Boré Kaita Masa Buika (born 12 August 1980) is a Spanish actor of Equatorial-Guinean origin who became famous for his roles as Terence Wilder in El secreto de Puente Viejo and Teodoro Okenve in Mar de plástico.

== Biography ==
Buika was born on 12 August 1980 in the El Molinar neighbourhood of Palma de Mallorca. His relatives include his sister, singer Concha Buika, actor Armando Balboa Buika and politician Guillem Balboa Buika, the mayor of Alaró and the leader of the Més per Mallorca party.
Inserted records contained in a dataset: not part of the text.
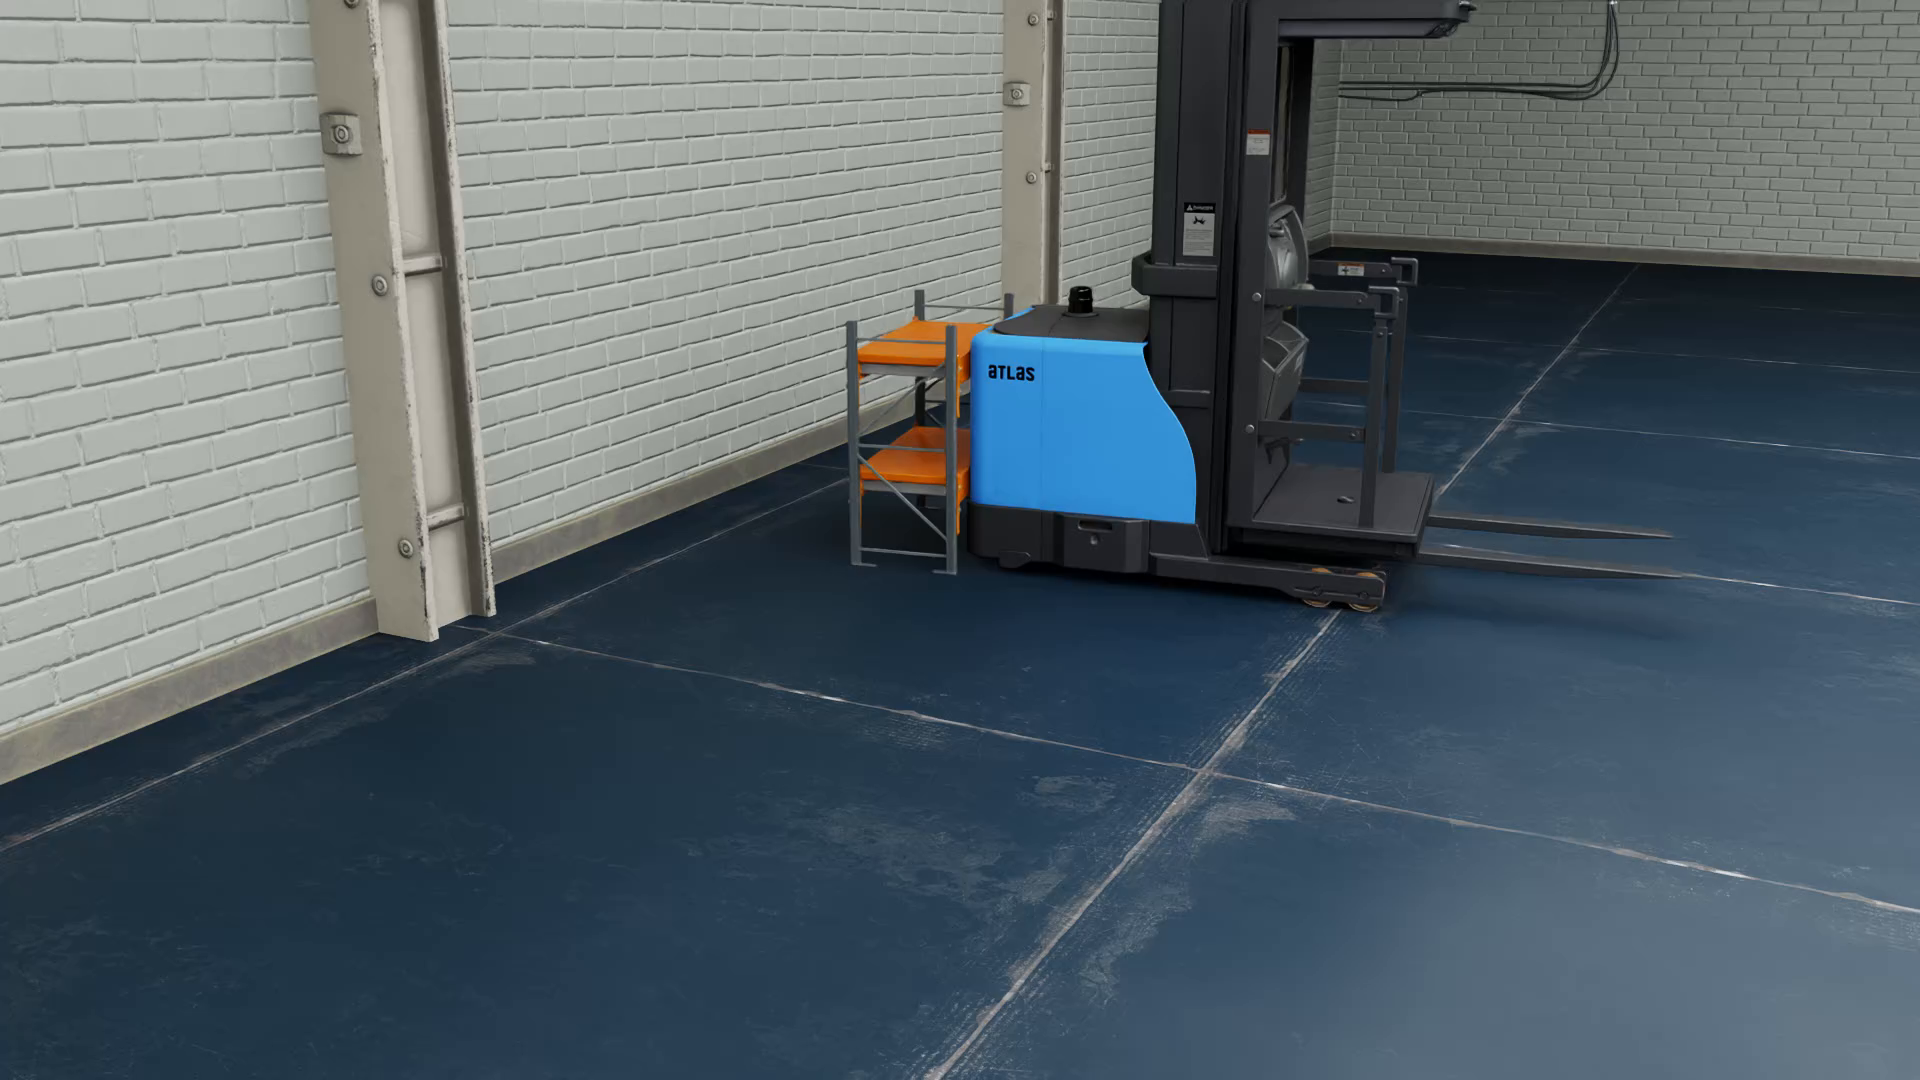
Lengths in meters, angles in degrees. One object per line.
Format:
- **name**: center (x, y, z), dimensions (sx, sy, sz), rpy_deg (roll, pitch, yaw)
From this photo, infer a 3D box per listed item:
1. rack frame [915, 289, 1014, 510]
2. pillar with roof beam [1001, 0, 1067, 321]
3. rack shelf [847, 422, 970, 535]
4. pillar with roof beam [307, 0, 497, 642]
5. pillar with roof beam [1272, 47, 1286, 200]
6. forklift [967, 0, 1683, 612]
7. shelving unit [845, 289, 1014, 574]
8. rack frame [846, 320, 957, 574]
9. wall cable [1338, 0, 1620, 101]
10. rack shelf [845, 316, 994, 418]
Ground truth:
- **rack frame**: center (0.019, -0.686, 8.358), dimensions (0.500, 1.125, 0.032), rpy_deg (5, 17, 15)
- **pillar with roof beam**: center (4.363, -4.956, 8.906), dimensions (9.100, 9.000, 0.400), rpy_deg (8, 18, 25)
- **rack shelf**: center (-0.119, -0.312, 7.958), dimensions (0.538, 0.278, 1.000), rpy_deg (5, 17, 15)
- **pillar with roof beam**: center (1.682, -3.428, 3.761), dimensions (9.100, 9.000, 0.400), rpy_deg (8, 18, 25)
- **pillar with roof beam**: center (7.044, -6.485, 14.052), dimensions (9.100, 9.000, 0.400), rpy_deg (8, 18, 25)
- **forklift**: center (1.606, -1.272, 7.158), dimensions (3.031, 2.935, 1.130), rpy_deg (6, 17, 18)
- **shelving unit**: center (-0.119, -0.546, 7.889), dimensions (0.538, 1.125, 1.048), rpy_deg (5, 17, 15)
- **rack frame**: center (-0.258, -0.407, 7.420), dimensions (0.500, 1.125, 0.032), rpy_deg (5, 17, 15)
- **wall cable**: center (5.692, -6.126, 18.298), dimensions (3.097, 2.526, 0.112), rpy_deg (8, 18, 25)
- **rack shelf**: center (-0.119, -0.827, 7.805), dimensions (0.538, 0.278, 1.000), rpy_deg (5, 17, 15)

Boré became known through his work on the series Aída, where he participated in a chapter playing the role of Luisito during his adulthood during a flashback. A year later, he joined the daily series El secreto de Puente Viejo where he interpreted Terence Wilder, who causes a great furor in the population. Terence was the husband of Soledad Castro (Alejandra Onieva), who met him while travelling the world.

At the beginning of 2014, Buika left his role in the series following the departure of Onieva. In June 2015, he became part of the Telecinco series Anclados, alongside Rossy de Palma, Miren Ibarguren, and Fernando Gil, among others. He was present in its first and only season, playing a man named Obama.

With the cancellation of Anclados, he joined the cast of the new series by Antena 3, Mar de plástico, with Pedro Casablanc, Rodolfo Sancho, Belén López, and Lucho Fernández, along others. In it, he interpreted Teodoro Okenve, the brother of Fara (Yaima Ramos) and Khaled (Will Shepard). He later was present in the second season, but without Ramos. Some months later, he recorded a season in the La 1 series El Caso. Crónica de sucesos.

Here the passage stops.